Fiduciary Failure #592-Government is not Business

February 15, 2017

In part 2 of my review of Senator Elizabeth Warren’s letter to the DOL in support of the Fiduciary Rule, I want to look at the misplaced and erroneous trust placed in technology firms as options to replace human advice.

 

One reason that those in government love to meet with technology firms is that there is a new area some see an opportunity to control and benefit from. Whether or not that technology is actually helpful or harmful is a secondary concern.

 

Robo-advisor firms in the financial services today are playing by a different set of rules due to this connection. Many advertise tax schemes that CPAs and true fiduciaries would never claim have the same benefits that robo-advisors built their business benefits around. Meanwhile, they have worse technology and less personal advice in terms of actual tax and financial strategies, but are promoting and promoted for having the exact opposite!

 

California’s government loves technology so much that they have been planning a high-speed train project since the early 2000’s. I won’t dive deep into the details here, but the votes for the system have been close at every turn, while the public has not had accurate information on the costs, fees to ride, and the ability of the train to achieve the stated benefits.

 

A few common threads with many technology advancements that are pushed before their time.

  • Bureaucrats bemoan a ‘problem’ that the market has not solved on their time.

  • Benefits were exaggerated.
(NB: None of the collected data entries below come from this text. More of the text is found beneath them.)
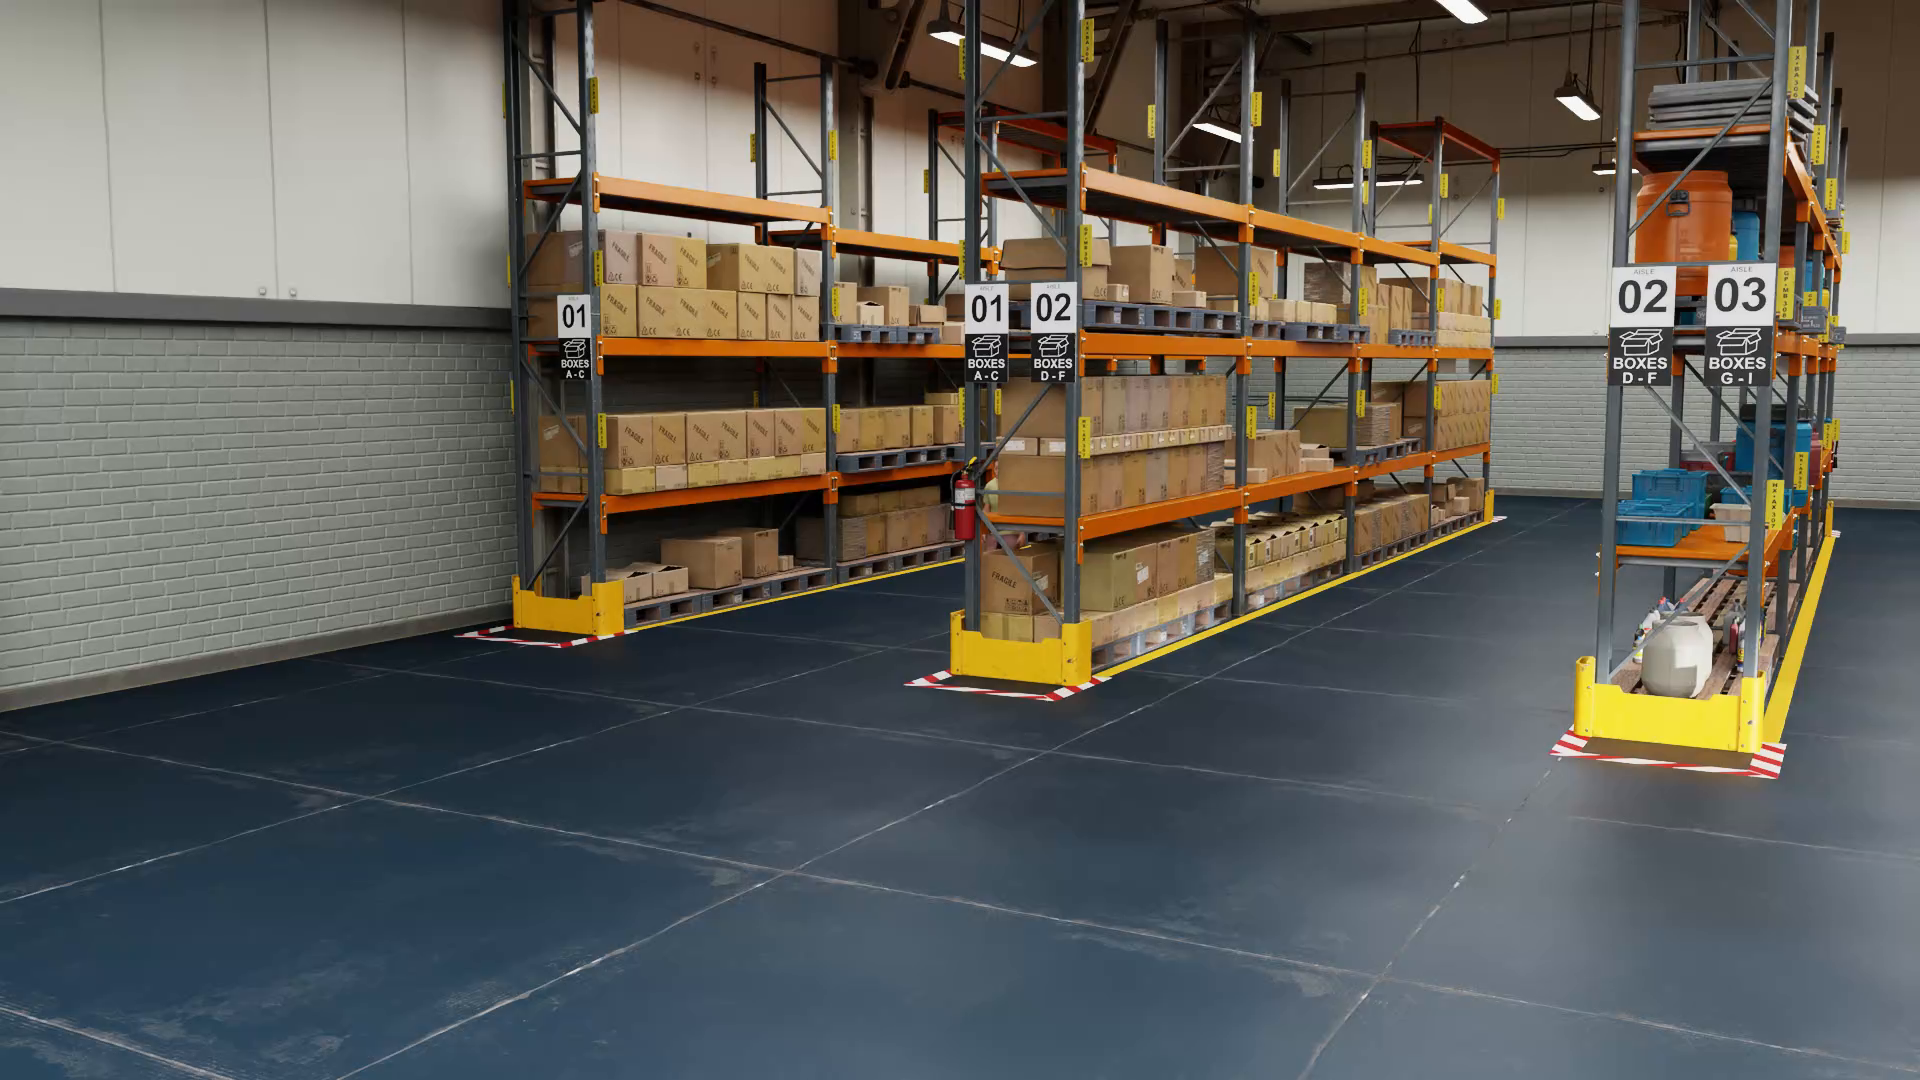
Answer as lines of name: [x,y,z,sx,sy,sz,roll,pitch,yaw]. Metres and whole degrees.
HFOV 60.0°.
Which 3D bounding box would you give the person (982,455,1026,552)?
person: [0.428,-0.033,16.656,0.504,1.671,0.361,3,7,25]
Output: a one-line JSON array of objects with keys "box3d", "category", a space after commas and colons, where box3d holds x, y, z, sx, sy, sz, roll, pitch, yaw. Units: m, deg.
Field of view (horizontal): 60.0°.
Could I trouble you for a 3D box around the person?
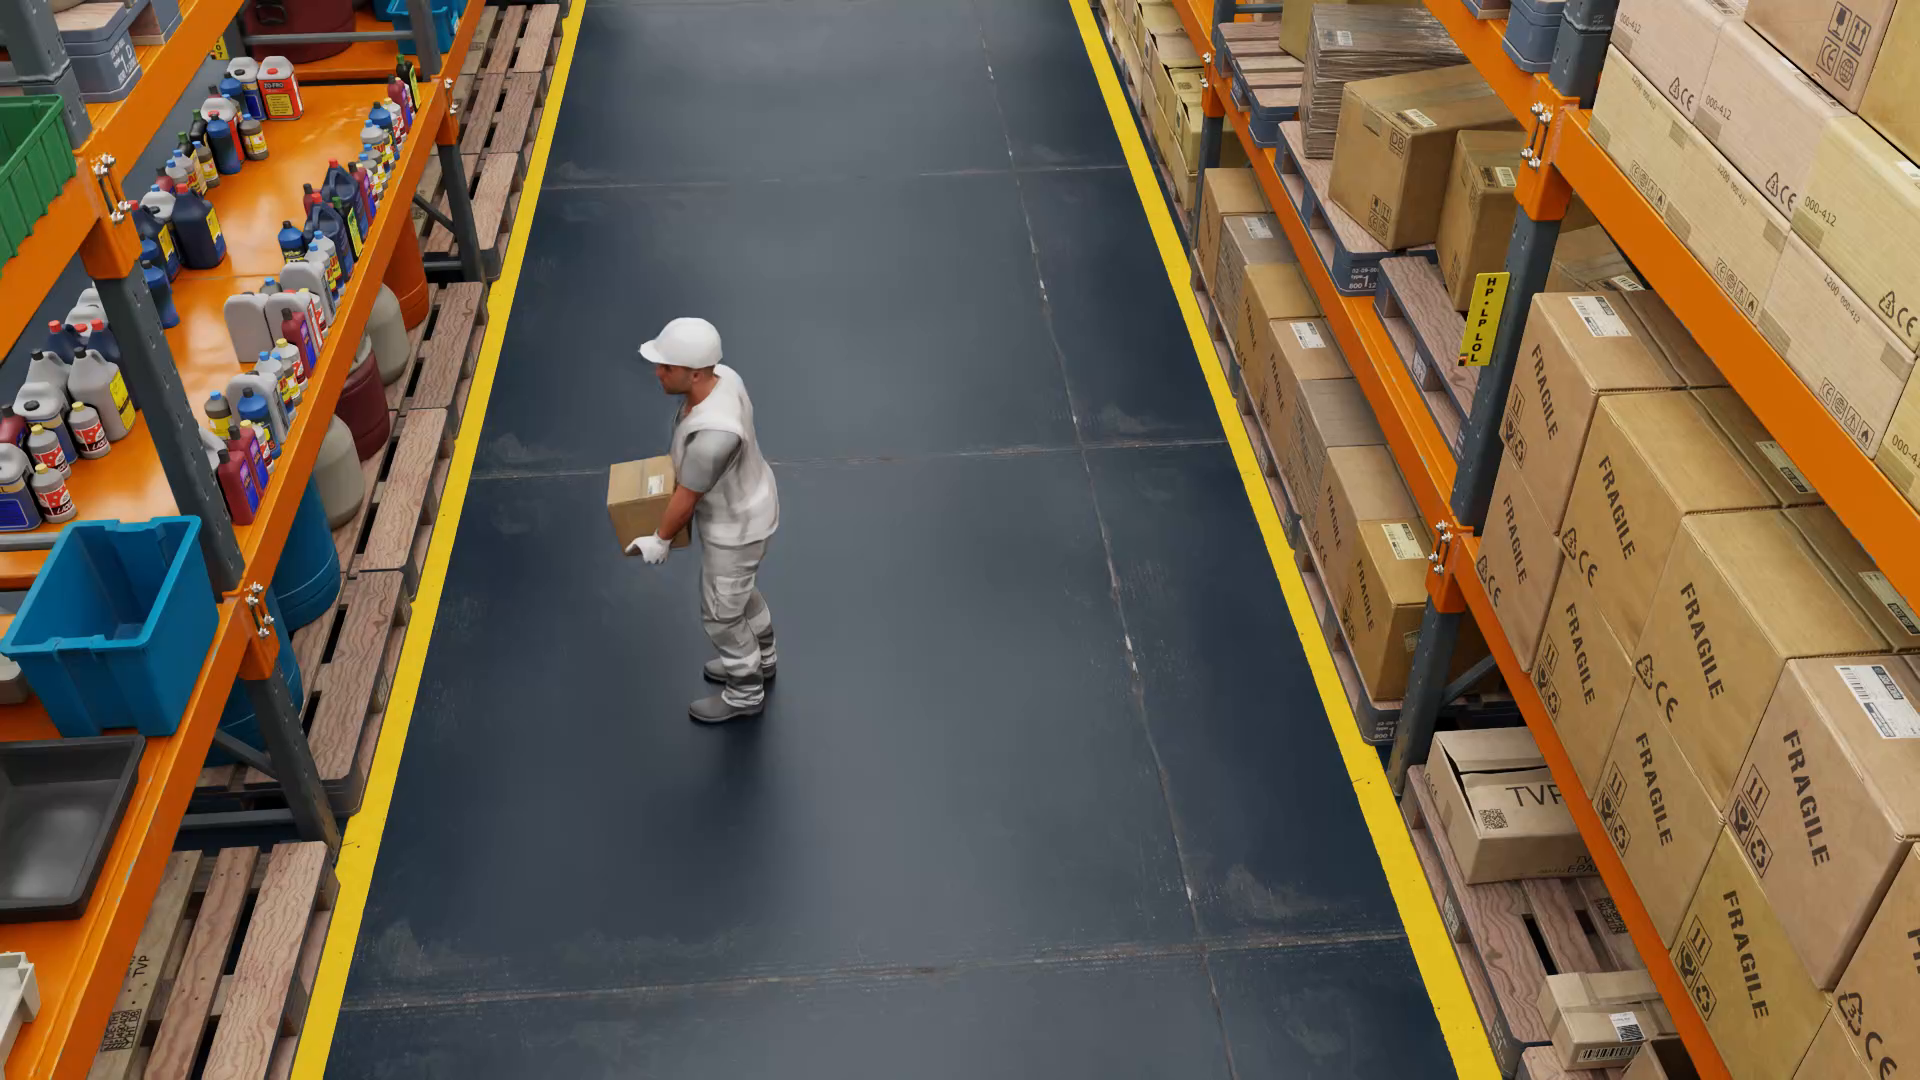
[{"box3d": [-0.957, -0.054, 6.210, 0.569, 1.777, 0.494, -4, 39, -5], "category": "person"}]

The train will not achieve the speed and travel time that was promised, and many business taxpayers who were for the train may forgo it due to this failure.

  • Costs were underestimated by a multiple.

 

Meanwhile, Californians have been in a long drought and today is dealing with the failure of the largest damn threatening residents.

 

Many would suggest that the scarce resources of California taxpayers should have gone toward these problems.

 

We see the same in the DOL’s Fiduciary Rule.

  • Bureaucrats bemoan ‘conflicted advice’ that human advisors may give in order to receive compensation.

  • Benefits of robo-advisors are vastly exaggerated. Somehow they are seen as fiduciaries to Senator Warren when they are simply online trading platforms.

  • Costs of these programs in terms of opportunity cost with other advice options, with the losses that come with overmanaging assets, and by not being able to provide comprehensive advice can be staggering.  

 

Online advisors do not meet any definition of a ‘fiduciary.’ Most offer cookie-cutter portfolio mixes – and strange ones at that – that do not incorporate all of the opportunities of an individual. Those that do offer impersonal advice, no where near what a human can provide in minutes.

 

One item that has always interested me is that although these firms claim to have been born out of the advancement of technology, my experience have been they provide a much weaker advisory and portfolio technology than traditional advisors. The main technology use they have promoted better than others has been a slick sales website. The back office operations of many of these firms I’ve experienced has been questionable, and I am often curious why established top-tier custodians have so many controls over regulatory factors, and these fly-by-night firms have yet to had a regulatory violation. I can not see their living up to ‘know your customer,’ Patriot Act, and other requirements based on my little knowledge of these things, and my interactions with these online firms.

 

I previously wrote about the myth of the $17B ‘cost’ to retirements that Senator Warren, and other proponents of the DOL’s rule repeat on a regular basis. There is a cost as well to firms that are allowed to play by different rules.

 

Most online advisors are simply platforms for individuals to have an automated trading service that they can control and, as we most often see with Investor Returns, this control comes with significant costs itself in terms of market-timing, a false sense of security that planning is met, and a poor and incomplete portfolio mix. Clients who work with humans can not simply change their investment mixes on a whim. A fiduciary would do more – including firing clients – who did not stick to the advice of the fiduciary.

 

We would be wise to not overly promote, and under regulate, new technology. Robo-advisors have many flaws, and just about all can be replaced at a much lower costing target date mutual fund for those who truly do not want to pay for quality advice.

 

Government is not a business owner, and should not pretend to be, since all they can do is transfer resources from services that consumers choose, to services they do not currently choose. All government should do is set an equal playing field, with no exemptions, no promotion of robo-firms, and no weakening of the fiduciary standard in order to advance their own pet projects and in effect pretend to be playing business owner.

 

(Economic lesson. Technology is useful, and it does change markets, services, and professions. What bureaucrats often ignore is that technology advances at its own pace. And, while it can assist with replacing labor, it often does not leap forward to being much more than an aid… and certainly not on most bureaucrats short-term preferences.)